They just expect you to come in and do your work. And, you know, they're not they're not there to kind of develop you. And I think the assumption was, well, people started
these very small newspapers, and they moved to medium sized papers, and then maybe regional
papers, and maybe major national newspapers, but everybody sort of brought you along. And the
expectation was you were there to learn. And I just think that there's not that sense that,
you know, of continuous advancement and mentoring anymore.
What do you think is behind that?
Well, I think it's the economic change in the industry,
like you said, the disruption.
There's just, you know,
papers don't have the staffs they used to have.
They don't have the editing staff.
They have so many fewer reporters.
And now, of course, you know,
they have people posting
online as well as writing for the print publication. And at the Star Ledger in New Jersey,
which is the Newark paper that I have really been familiar with for the last four years,
just in the last couple years, reporters there say that 10% of their pay comes from how many
clicks they get on their stories. And so, you And so instead of writing an in-depth story
about something that's kind of meaty and serious,
they really do clickbait.
I mean, that's not all they do,
but there's a real incentive to do that.
And that's really, really different
from the incentive that we had.
Yeah, I mean, it's gotta be such a struggle.

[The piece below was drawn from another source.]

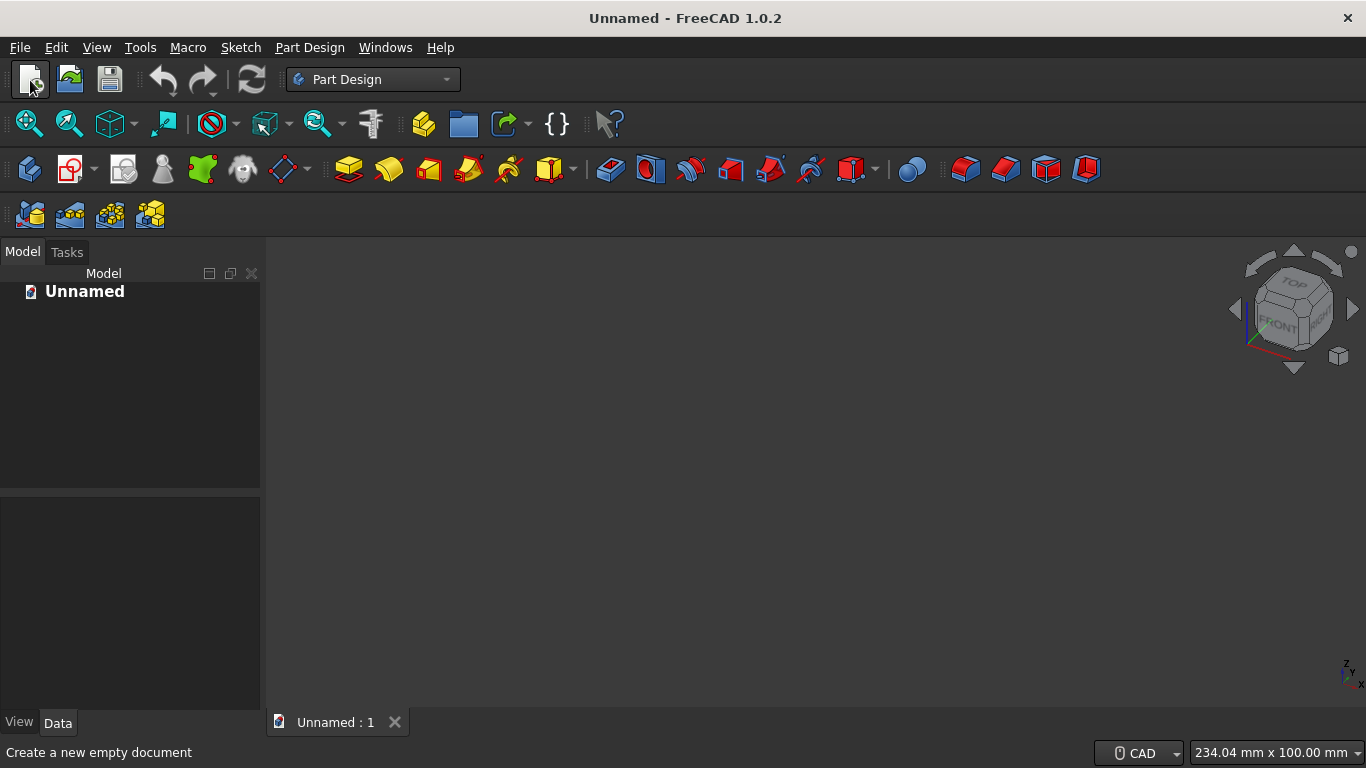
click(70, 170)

I remember this was, I wanna say 2008-ish,
2008, 2009,
a friend of mine who was then sort of an emerging social media,
you know, like whiz kid type of guy,
was brought into, I think it was Chicago Trib,
one of the big Chicago papers,
and to kind of like figure out, okay, where is the, you know,
because he said when he got, you know, it was largely almost like,
you know, it was like, you know, the new media, it was like, you know, almost like Bloods versus Crips, new media versus traditional journalists within the same organization, you know, and the new media slash bloggers were sort of like journalists are completely out of it.
They don't know what's going on.
They're like plotting.
And the journalists are like, you guys are complete and utter hacks.
You don't check sources, like all you're concerned about.
And it's really interesting to sort of see how those cultures have been forced almost to just try and figure out how to coexist and how, you know, I think less, and I'm actually curious
whether this is your experience from the inside out. Are those two sides really kind of like
merging where the distinction between the two is becoming less and less within sort of like the larger media organizations?
You know, I would say probably at the New York Times and the Washington Post, those two sides are very much merging.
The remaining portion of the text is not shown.